O major-general Carlos Manuel Martins Branco, antigo subdiretor do Instituto da Defesa Nacional português, que foi, entre outras missões, porta-voz do comandante da Força Internacional de Assistência para Segurança (International Security Assistance Force, em inglês) no Afeganistão, com vasta experiência em missões internacionais na ex-Iugoslávia, e no Médio Oriente, em depoimento à Sputnik Brasil, valoriza positivamente a atual participação de militares portugueses em missão no Iraque.

"É muito importante a participação das Forças Armadas portuguesas no Iraque. Essa importância não tem propriamente a ver com o número, mas com a participação em si. Cada país está presente em função das suas capacidades. A decisão das autoridades nacionais é reveladora de solidariedade para com as organizações internacionais em [de] que o país participa e dá liberdade de manobra aos dirigentes nacionais nesses fóruns. Não estar presente não seria nunca uma opção", considera.

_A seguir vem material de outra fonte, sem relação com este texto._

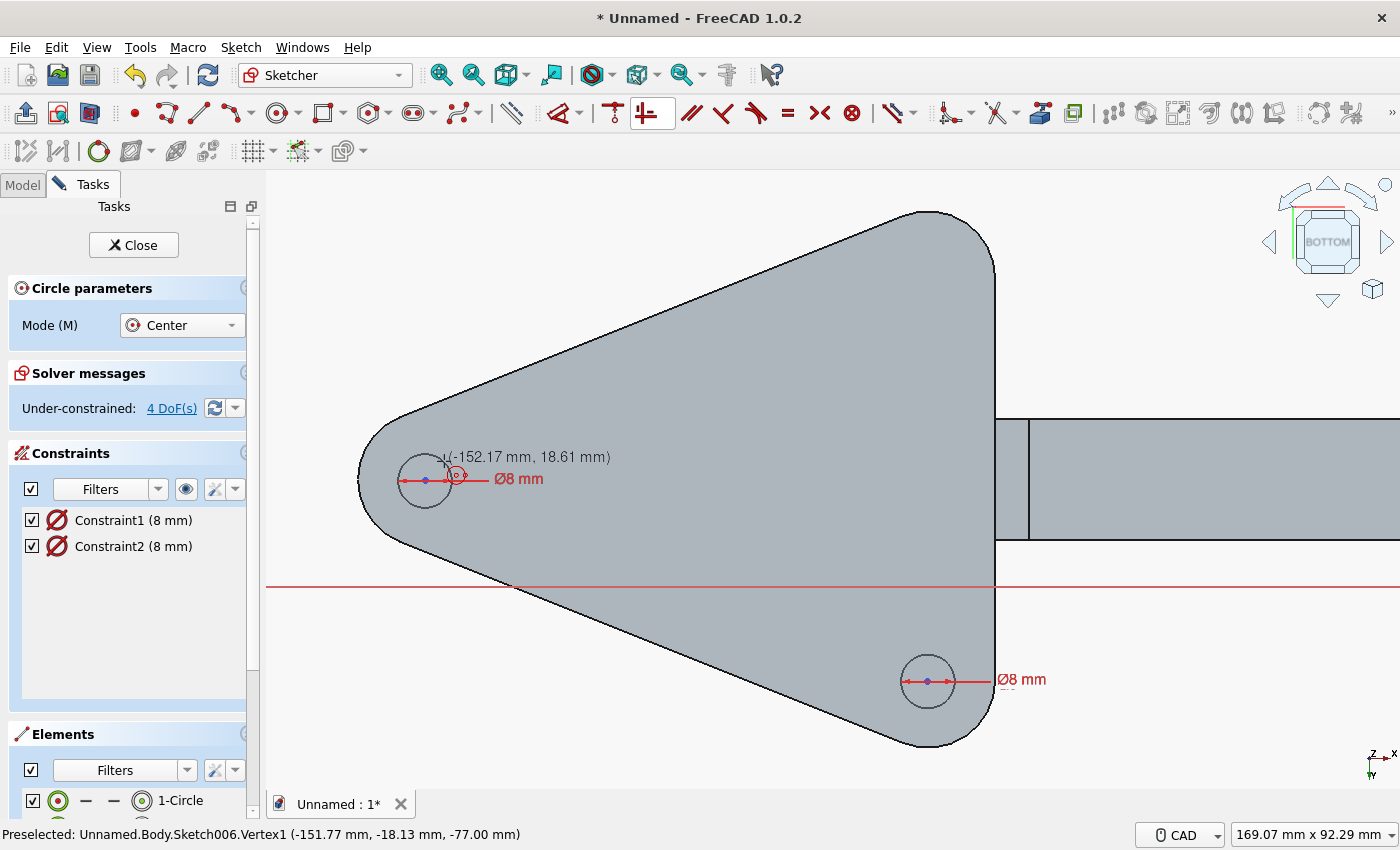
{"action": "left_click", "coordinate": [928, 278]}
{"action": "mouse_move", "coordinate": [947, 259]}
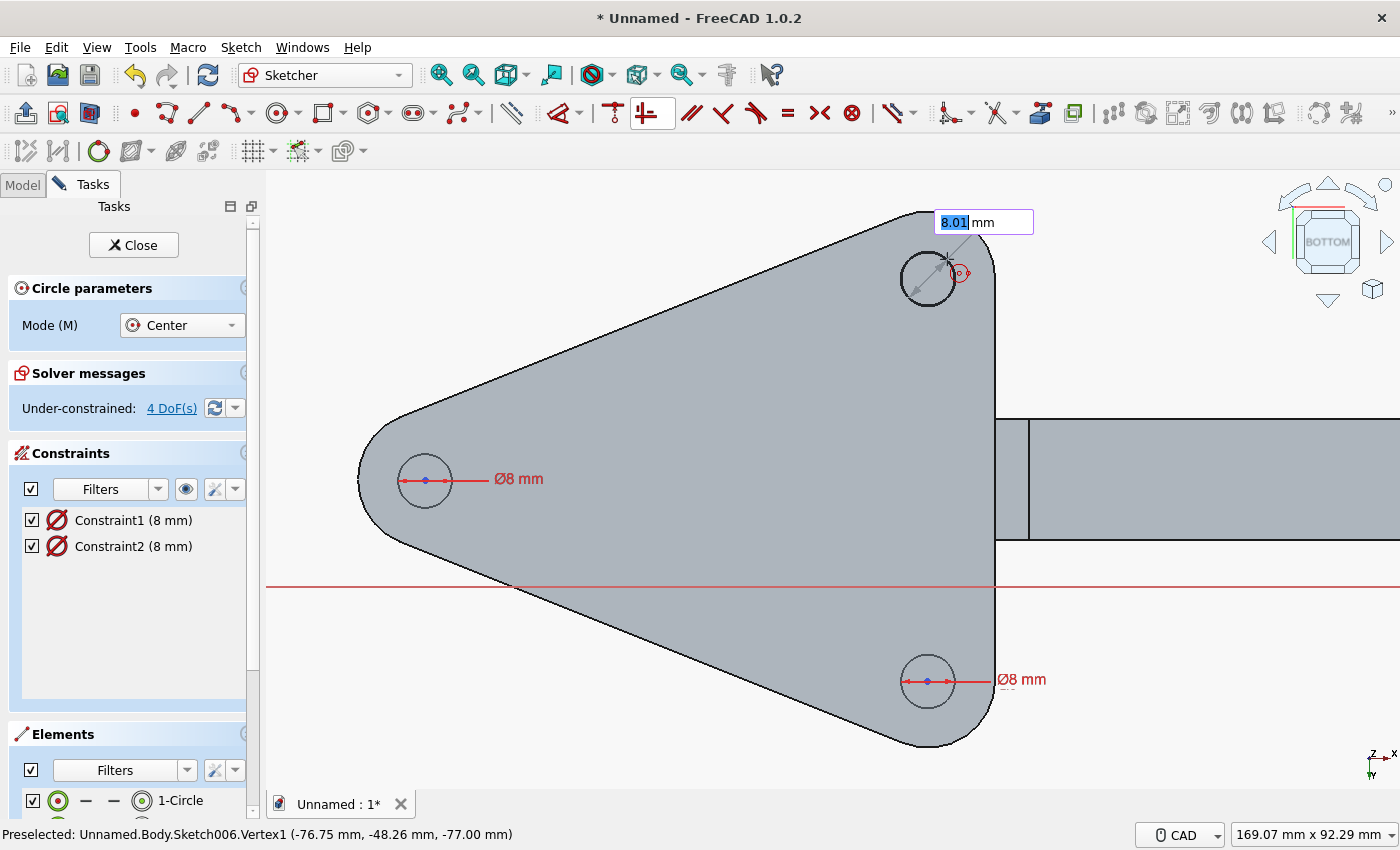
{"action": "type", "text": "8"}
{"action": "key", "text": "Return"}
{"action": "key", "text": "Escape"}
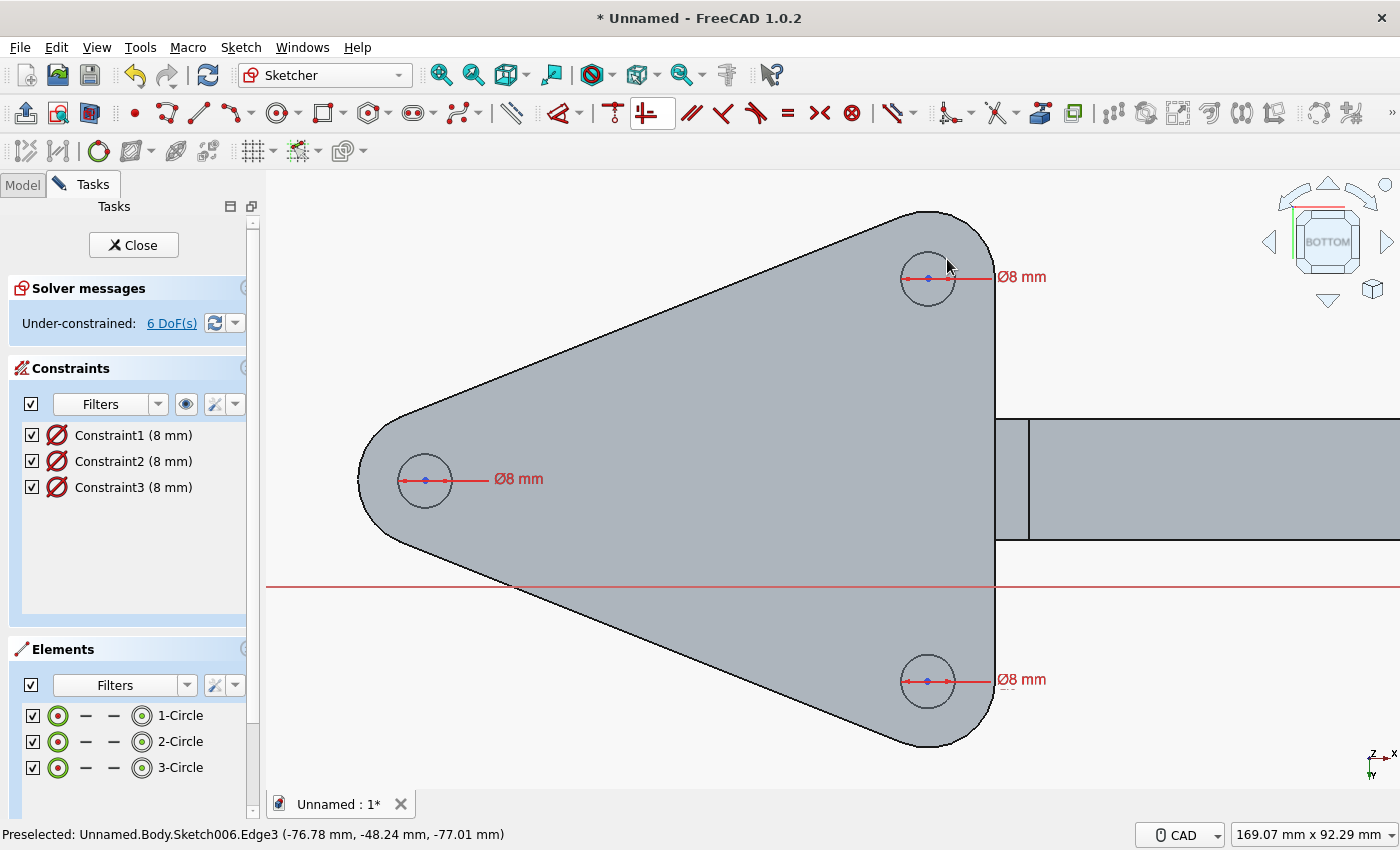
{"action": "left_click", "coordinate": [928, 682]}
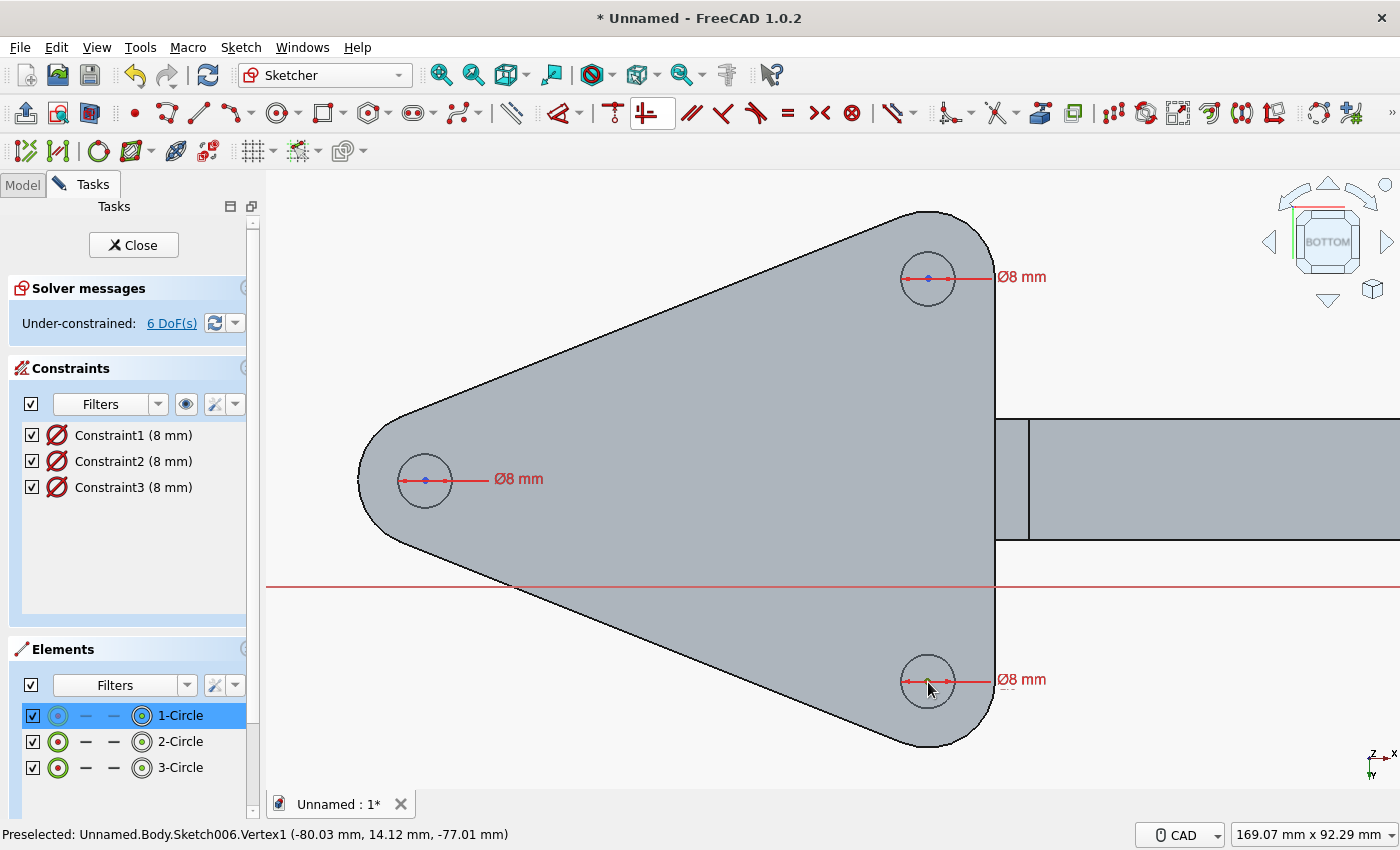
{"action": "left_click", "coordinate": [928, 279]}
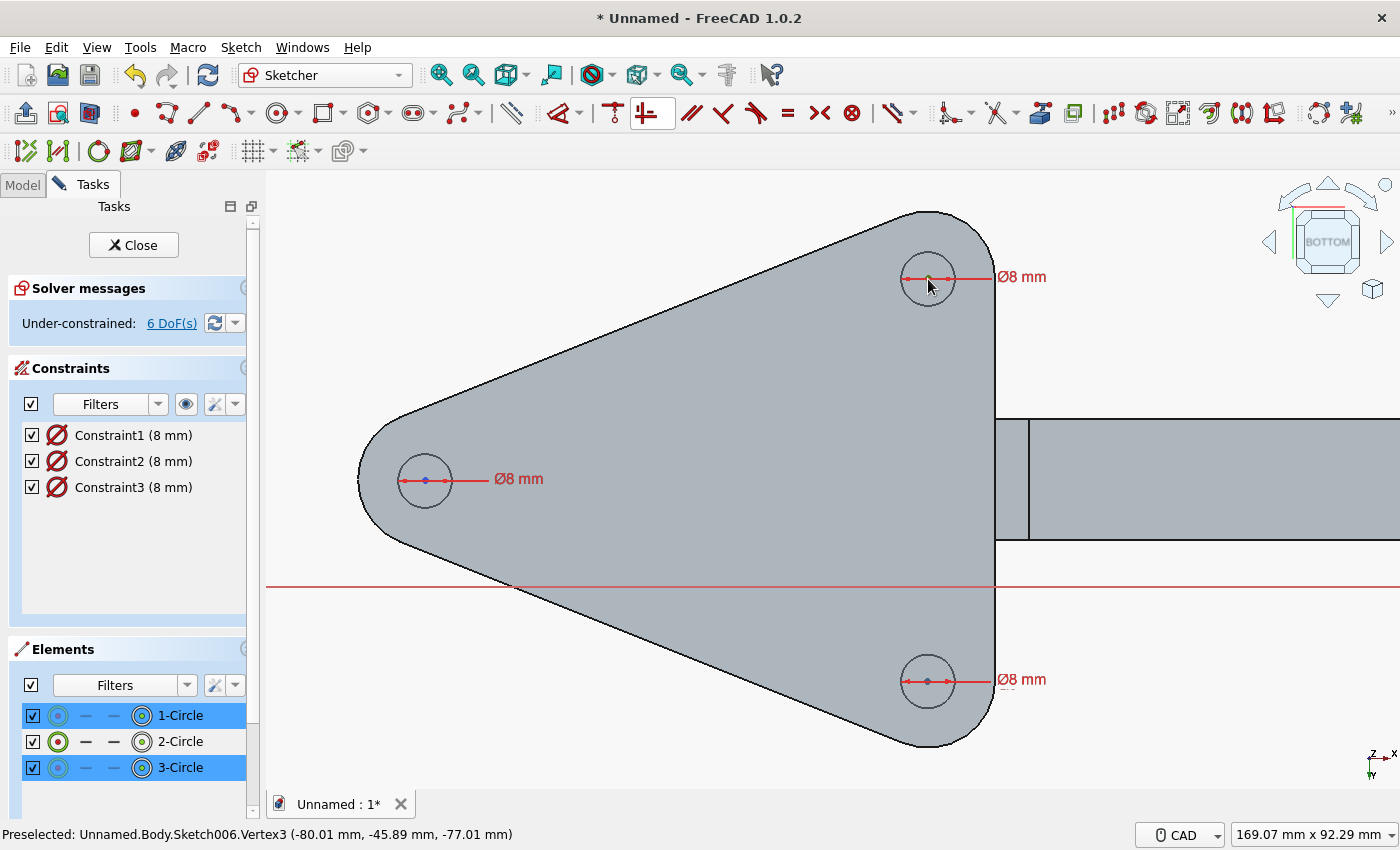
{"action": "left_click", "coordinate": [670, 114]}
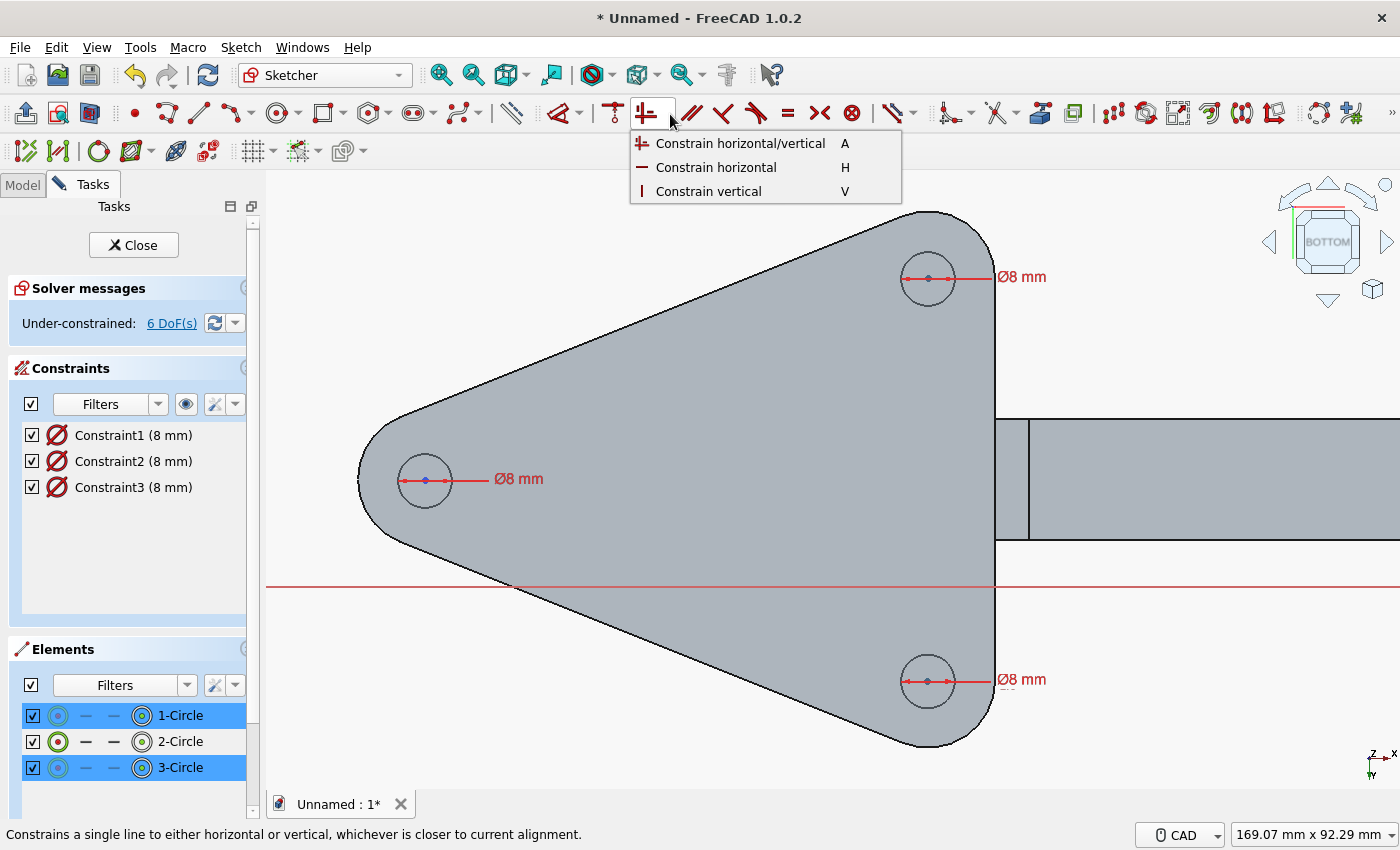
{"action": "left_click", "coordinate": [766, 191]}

Apesar desta defesa, o major-general é muito crítico do papel que as intervenções militares ocidentais tiveram na região:

"A evidência tem demonstrado que estas intervenções têm sido bastante contraproducentes. Os resultados estão à vista de todos. Nenhum dos objetivos propalados foi atingido. Esses países não ficaram democracias, as sociedades tornaram-se caóticas, e os grupos islâmicos radicais contidos pela ordem política anterior proliferam agora. O nível de sofrimento humano é agora incomensuravelmente superior. O caso líbio é paradigmático."

Para este oficial português, a proliferação de grupos terroristas na região e a situação de guerra e caos, foram em grande parte criadas pelas intervenções dos EUA.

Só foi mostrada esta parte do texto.